Les tensions sont une source de croissance personnelle et professionnelle

Un bon leader n’évite pas le conflit. Il l’affronte avec courage et transforme les tensions en étincelles créatives.

Un conflit n’est jamais bon ou mauvais : c’est la vie des affaires, des équipes et des relations humaines ! L’idée est qu’un conflit ne détériore pas outre mesure votre vie ou celle de votre environnement professionnel ou d’équipe…tant qu’il n’atteint pas nos valeurs personnelle et la culture d’une équipe de travail. Si je traite aujourd’hui ce sujet, c’est aussi parce qu’à l’issue d’un conflit qui tourne mal, beaucoup de personnes pensent avoir perdu du sens dans leur travail, alors que la question est ailleurs. Les conflits maintiennent la vie de l’équipe et des organisations. Croyez-moi, même en travaillant de manière indépendante, vous trouverez les mêmes problèmes à affronter mais côté recruteur ou leadership cette fois ! Ce sera votre rôle de les gérer. Vous vous rendrez vite compte qu’une équipe où tout va bien est aussi une équipe qui a peu d’idées neuves, peu d’envie d’apprendre et d’innover, peu de croissance et de capacité à s’adapter. Nous sommes cependant d’accord que le conflit ne doit pas dégénèrer. Autant dire que j’ai du mal à adhérer à 100% à la culture du bonheur au travail. Il me semble qu’il y a comme un malentendu entre la recherche d’épanouissement personnel qui est nécessaire pour chacun ou pour l’équipe et la dynamique professionnelle qui repose nécessairement sur une certaine tension ou même sur des dissonances cognitives. Mais là n’est pas le sujet. Le sujet est de transformer un conflit, incontournable dans une vie professionnelle, en opportunité de croissance pour les protagonistes et pour vous-même en premier lieu. Voici des pistes pour faire que les frictions qui créent de l’énergie, conduisent à plus de créativité.

N’évitez pas les conflits. Restez créatif.

Le silence est l’ennemi de toute bonne relation ou collaboration.

85% de personnes cherchent à éviter les conflits professionnels parce que ce n’est ni admis facilement par l’encadrement ni une qualité reconnue. L’idée n’est pas de laisser libre cours à des attitudes de soupe-au lait ou colériques. L’idée est plutôt d’apprendre à admettre qu’une relation empêche de trouver un terrain d’entente et un mode de fonctionnement adéquate. Gérer un conflit n’est facile pour personne : gérer différentes perspectives, tensions ou divergences peut être cependant source de créativité. Le silence en revanche cause des dégâts personnels et professionnels très long terme : rancœurs personnelles,  prudence excessive pour proposer de nouvelles idées ou initiatives, individualisme galopant, perte de repères, état d’esprit négatif endogène, croyances limitantes, sentiment de ne créer aucun impact… Face à un conflit, demandons-nous individuellement en quoi celui-ci nous défie dans notre mode de fonctionnement préféré, et collectivement, en quoi nous portons des lunettes qui obscurcissent une partie du marché.
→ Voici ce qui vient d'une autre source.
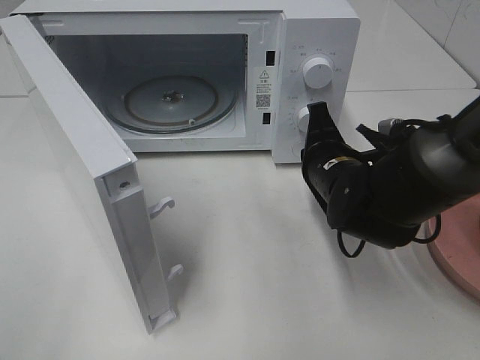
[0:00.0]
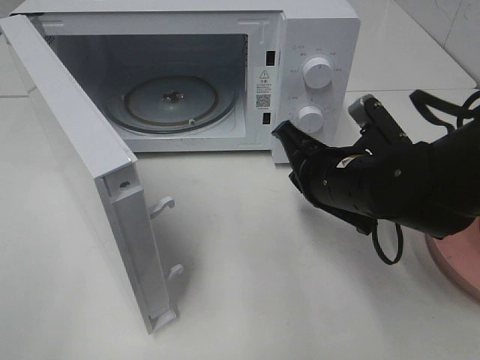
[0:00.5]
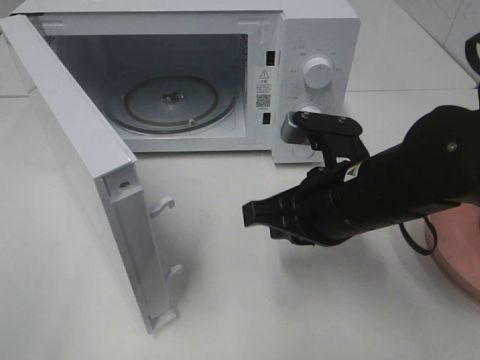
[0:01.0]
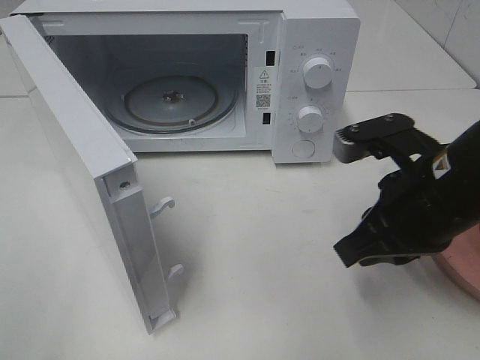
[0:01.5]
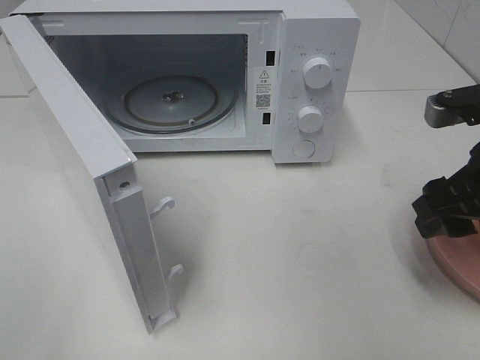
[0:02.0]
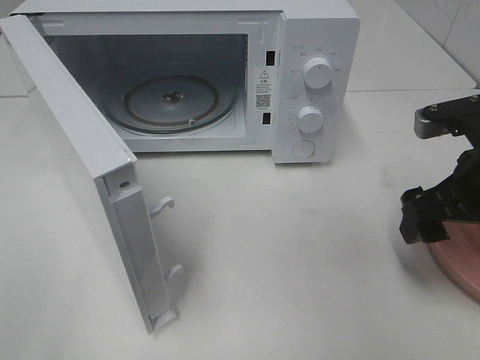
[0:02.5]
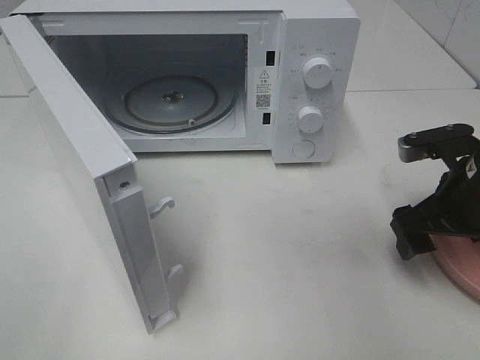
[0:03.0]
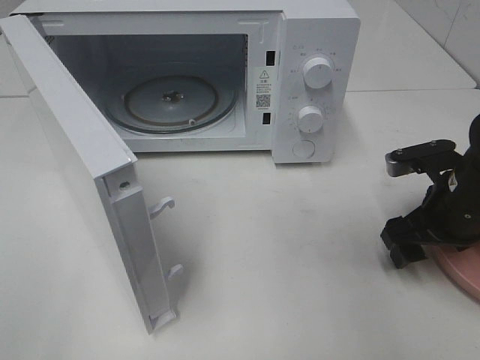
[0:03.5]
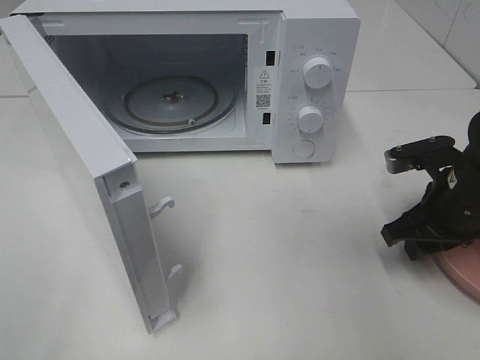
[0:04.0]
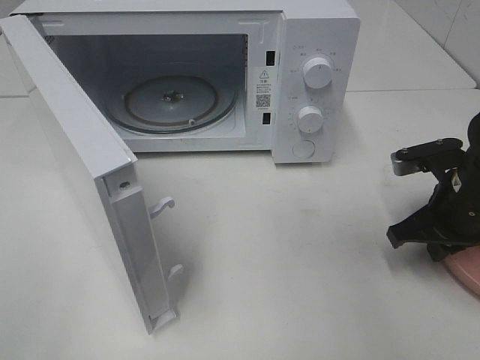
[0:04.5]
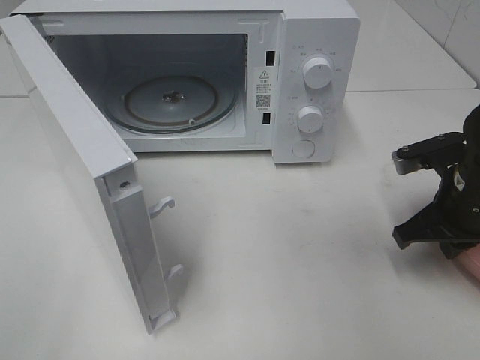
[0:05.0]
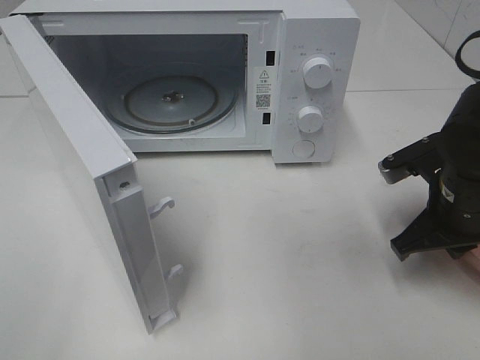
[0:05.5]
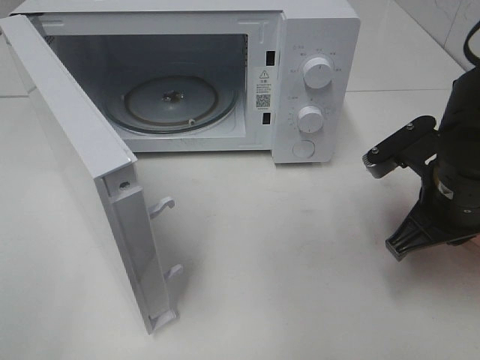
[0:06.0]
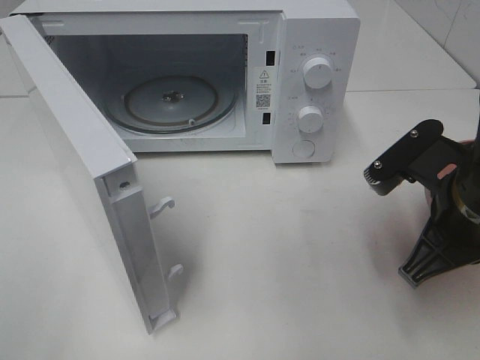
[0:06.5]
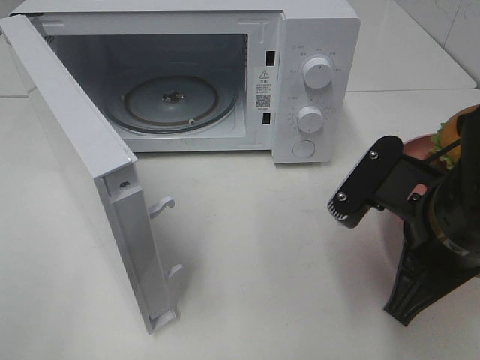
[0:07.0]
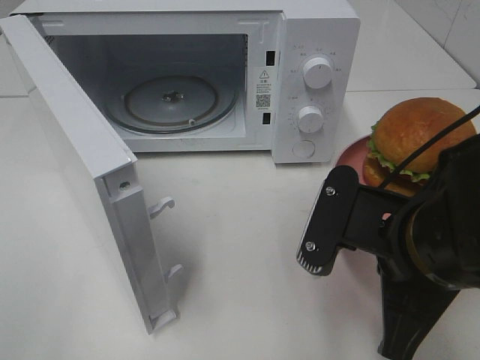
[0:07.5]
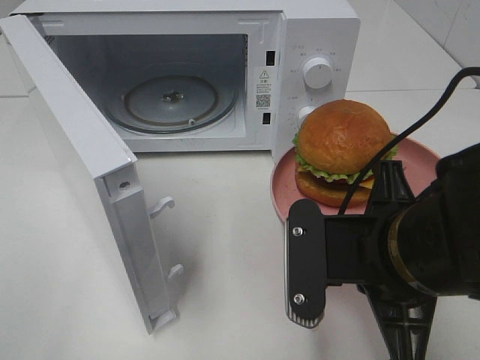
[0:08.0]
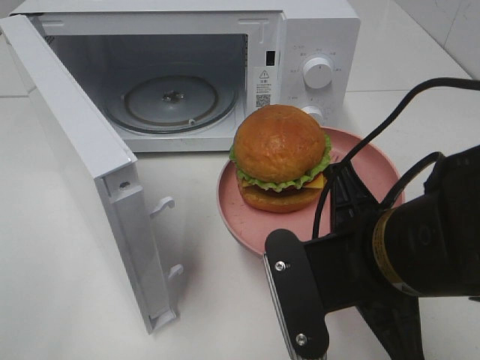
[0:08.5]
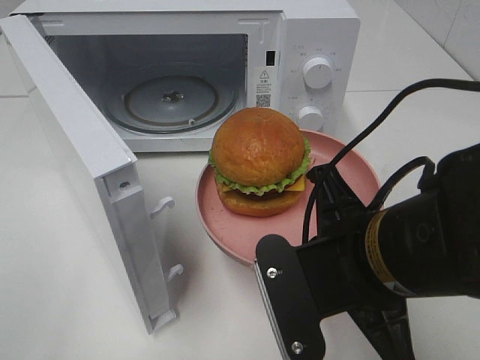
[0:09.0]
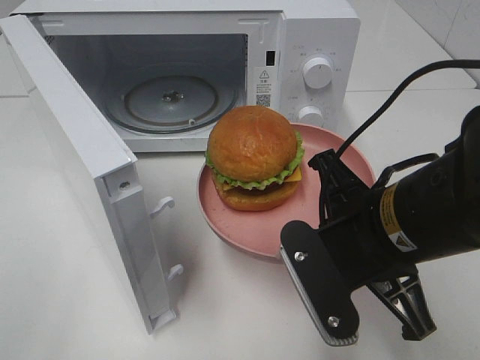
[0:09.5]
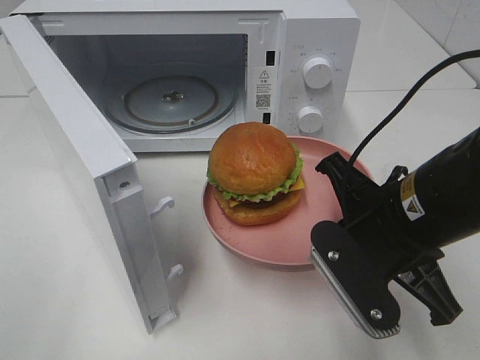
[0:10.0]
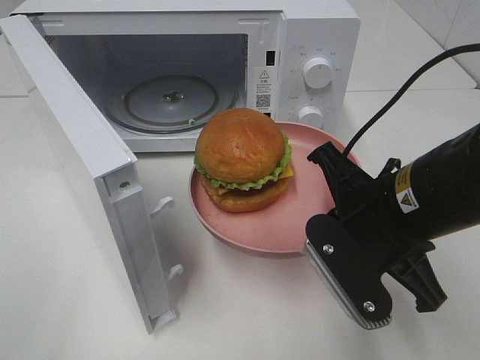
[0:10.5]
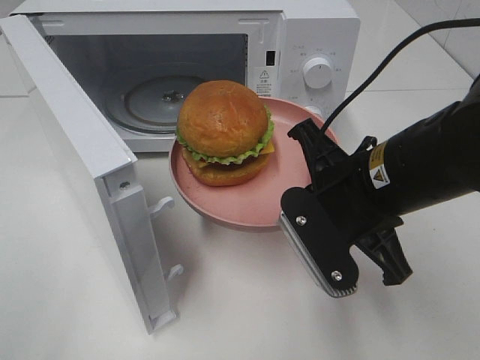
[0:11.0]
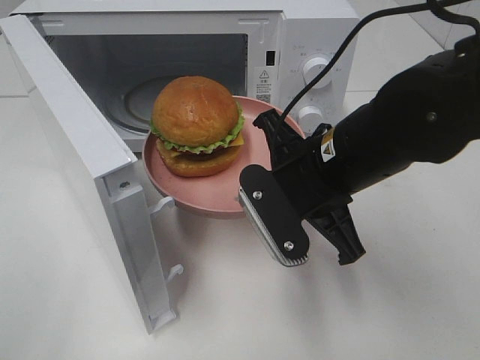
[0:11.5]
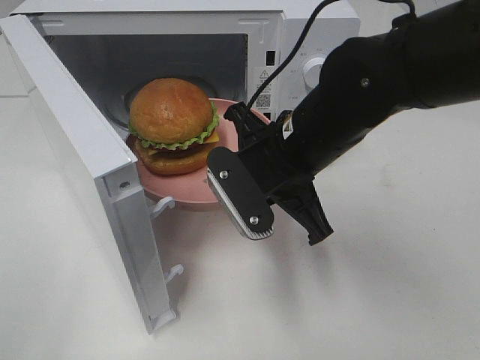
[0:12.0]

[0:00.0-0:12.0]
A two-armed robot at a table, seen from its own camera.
Task of the whole recording: Heat the burger.
Step, 0:00.5 to 0:05.0: Right hand: grab the plate with the hamburger.
0:00.0 to 0:02.0: The right gripper is displaced to the right, upward and backward by approximately 20 cm, and opens its fingers.
0:02.0 to 0:04.0: The right gripper travels downward and forward by about 10 cm.
0:04.0 to 0:06.0: The right gripper changes place by some 5 cm, and closes up.
0:06.0 to 0:08.0: The right gripper goes approximately 15 cm backward and to the left.
0:08.0 to 0:10.0: The right gripper ends up about 5 cm from where it was.
0:10.0 to 0:12.0: The right gripper shifts roughly 10 cm forward and to the left.

Si vous êtes un leader dans votre équipe, il n’y a aucun intérêt pour vous à porter excessivement les conflits des membres internes ou externes. Pour le bien de votre équipe et pour le vôtre, agissez avant de créer des effets secondaires durables.
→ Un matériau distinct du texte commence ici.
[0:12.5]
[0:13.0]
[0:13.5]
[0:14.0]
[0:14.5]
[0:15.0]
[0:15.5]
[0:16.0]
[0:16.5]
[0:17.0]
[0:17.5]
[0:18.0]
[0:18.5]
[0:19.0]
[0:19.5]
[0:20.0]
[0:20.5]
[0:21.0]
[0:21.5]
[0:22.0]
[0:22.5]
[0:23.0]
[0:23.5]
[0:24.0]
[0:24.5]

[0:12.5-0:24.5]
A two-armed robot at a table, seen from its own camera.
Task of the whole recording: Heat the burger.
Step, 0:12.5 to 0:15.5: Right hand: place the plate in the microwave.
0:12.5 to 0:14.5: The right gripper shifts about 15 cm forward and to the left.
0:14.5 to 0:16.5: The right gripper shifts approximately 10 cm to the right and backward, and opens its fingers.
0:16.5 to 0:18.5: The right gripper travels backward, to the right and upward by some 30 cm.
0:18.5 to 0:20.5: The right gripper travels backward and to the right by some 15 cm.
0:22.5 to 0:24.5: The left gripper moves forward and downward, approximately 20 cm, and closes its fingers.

01/Argumenter doit devenir une pratique naturelle

Si vous ne voulez pas faire partie de toutes ces personnes qui au prétexte d’éviter le conflit, n’aborde jamais la question qui fâche, apprenez à nommer vos conflits même avec vos supérieurs. L’idée n’est pas de dire agressivement « je ne suis pas d’accord… » ou « vous ne me respectez pas… » ou « vous ne comprenez pas… »… L’idée est d’aborder la question en parlant avant tout de vos besoins pour réaliser votre fonction correctement. Plus vite vous vous emparez des tensions, plus vite vous pouvez y faire face et les résoudre. La chose la plus importante est de ne pas incriminer votre adversaire. Le conflit deviendrait alors personnel et chacun se sentirait agressé. Si vous êtes un leader et que deux personnes ou deux personnes s’affrontent, donnez-leur l’occasion d’exprimer chacun leur point de vue, en fixant les règles de respect mutuel et de s’en tenir à la sphère professionnelle et non personnelle. Le travail relationnel ou le travail d’équipe est un sport de contact.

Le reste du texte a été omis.